Current Research and PhD Research Plan:
Currently, I am working on checking and improving LLMs’ ability to generate low-level commands for robots without requiring large-scale parameter updates. I am experimenting with both open-source and closed-source models, collecting data to analyze their performance in various environments. In this experiment, I especially aim to address the gap between high-level reasoning (e.g., INPUT: “I want to drink apple juice” > OUTPUT: “First, get an apple,,,then,,,”) and low-level reasoning (e.g., INPUT: “First, get an apple.” > OUTPUT: [0.3,0.2,0.6]). While LLMs excel at abstract tasks, they often struggle with the precision required for low-level commands. My research focuses on overcoming these limitations. My hypothesis is that if VLM can have enough context awareness and low-level understanding, they can have strong generalizability for language-conditioned agentic/robotic tasks.

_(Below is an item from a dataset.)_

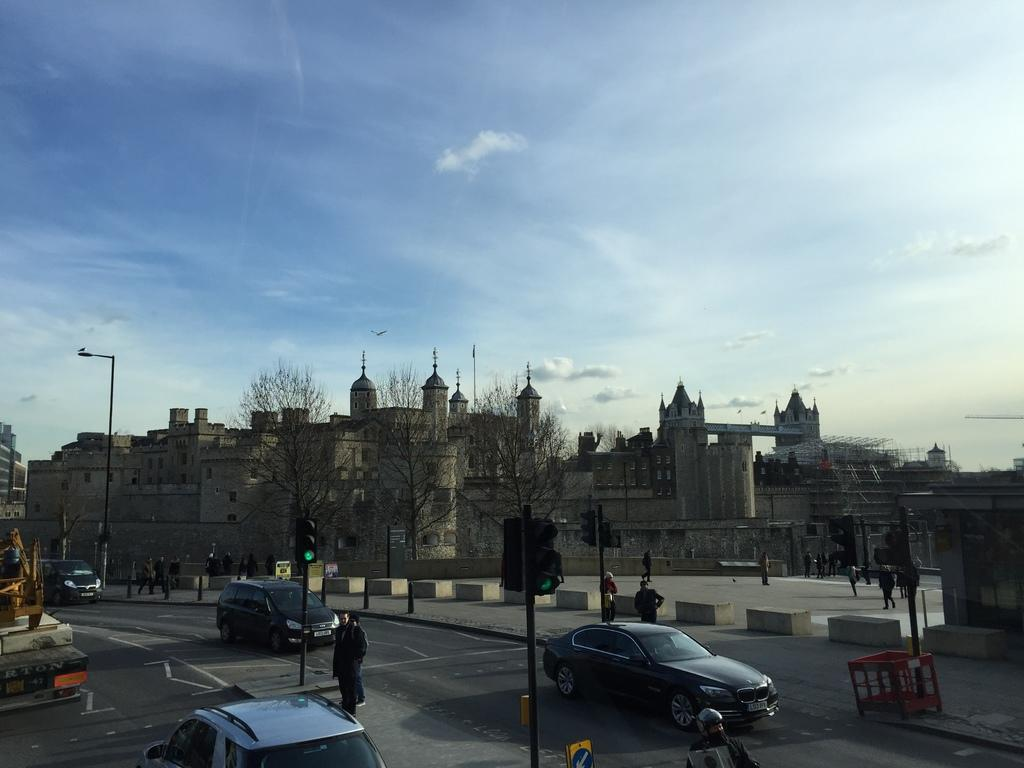What type of structures can be seen in the image? There are buildings in the image. What vehicles are present in the image? There are cars in the image. What type of vegetation is visible in the image? There are trees in the image. What type of lighting infrastructure is present in the image? There are poles with lights in the image. What type of electrical infrastructure is present in the image? There are wires in the image. What type of human activity is visible in the image? There are people on the road in the image. What type of patch can be seen in the middle of the image? There is no patch present in the image. What type of attempt can be seen being made by the people in the image? There is no attempt being made by the people in the image; they are simply walking on the road. 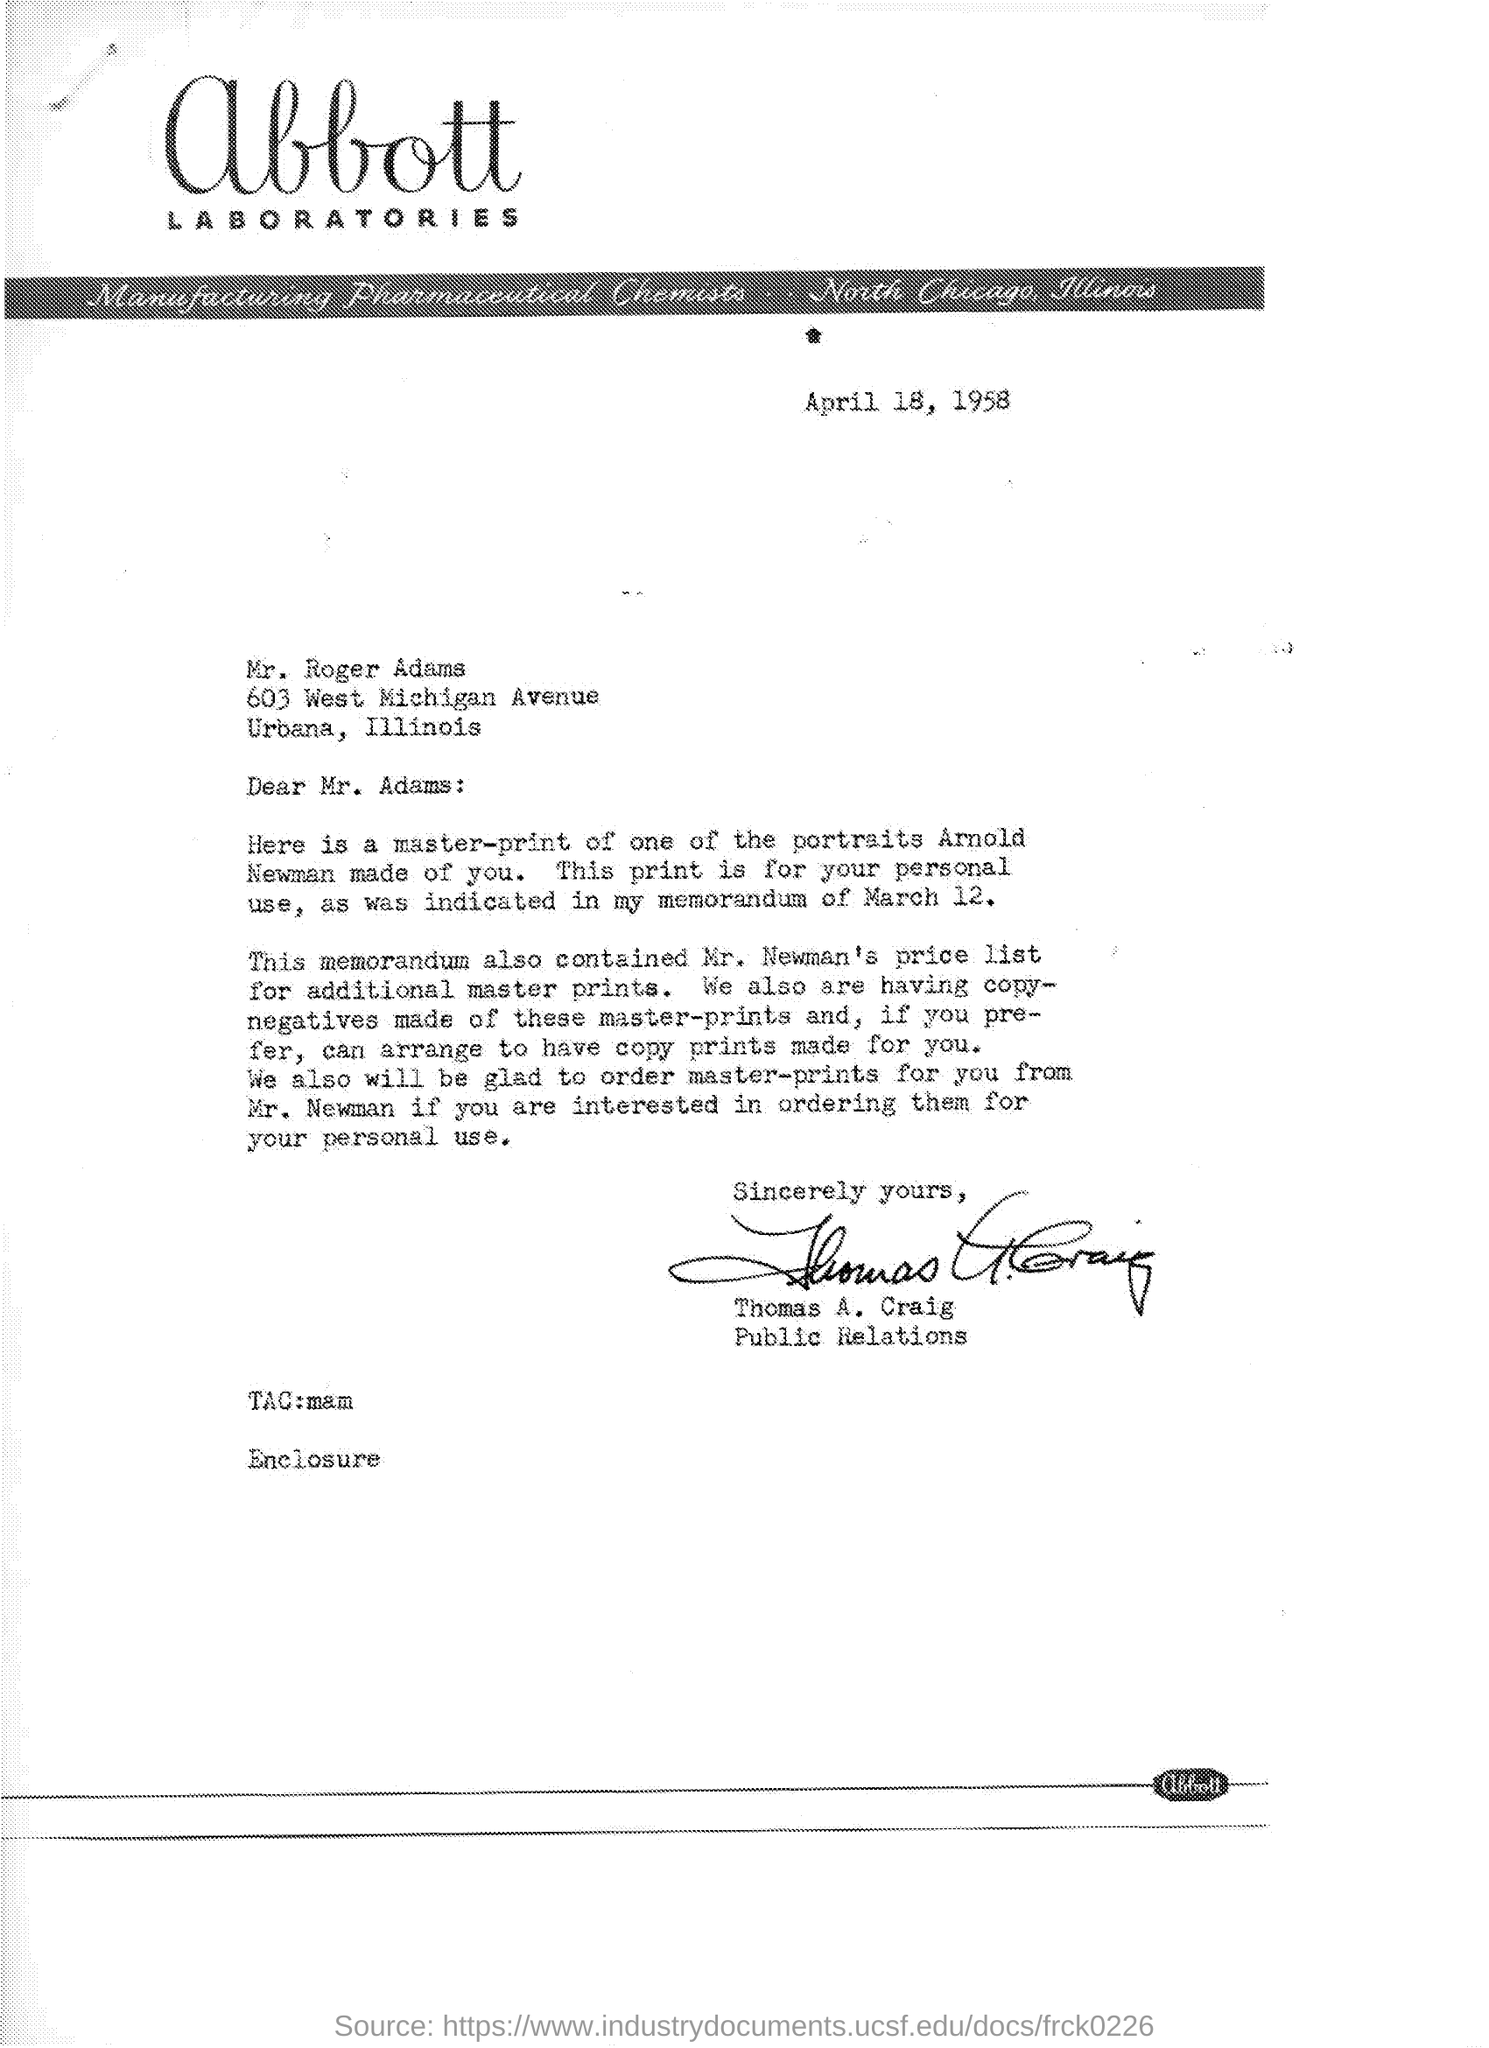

For my PhD, I plan to expand this work by investigating how LLMs and VLMs can be applied in multi-agent systems. I hypothesize that LLMs can take on different (any) roles, such as high-level/low-level planners, obstacle detectors, or vision experts by the given prompt like different parts of the human brain can be responsible for various capabilities. Furthermore, my goal is to explore how these models can coordinate tasks across multiple agents in dynamic environments, using LLM-based methods, such as human feedback reinforcement learning, and Direct Preference Optimization (DPO) to get additional preference and context awareness.
Practical Experience:
In addition to my research,
I am currently working as an AI/LLM engineer during my internship, where I solve tasks related to natural language processing using traditional ML models and LLMs. I am working on projects like text summarization and analyzing news articles.
When I was a bachelor's student, I worked at a small startup with a student team.
When I was a master’s student, I had completed a three-month internship in Joensuu, Finland, where I built an object detection model and built a web application to demonstrate it for the clients.
I believe these practical experiments are very beneficial for collaboration with industries during my PhD, and eventually starting my own business.
Career Goals:
After obtaining my PhD, I plan to pursue a career in the industry. I intend to gain practical experience while studying and, after graduation, apply both academic insights and practical skills to industry problems.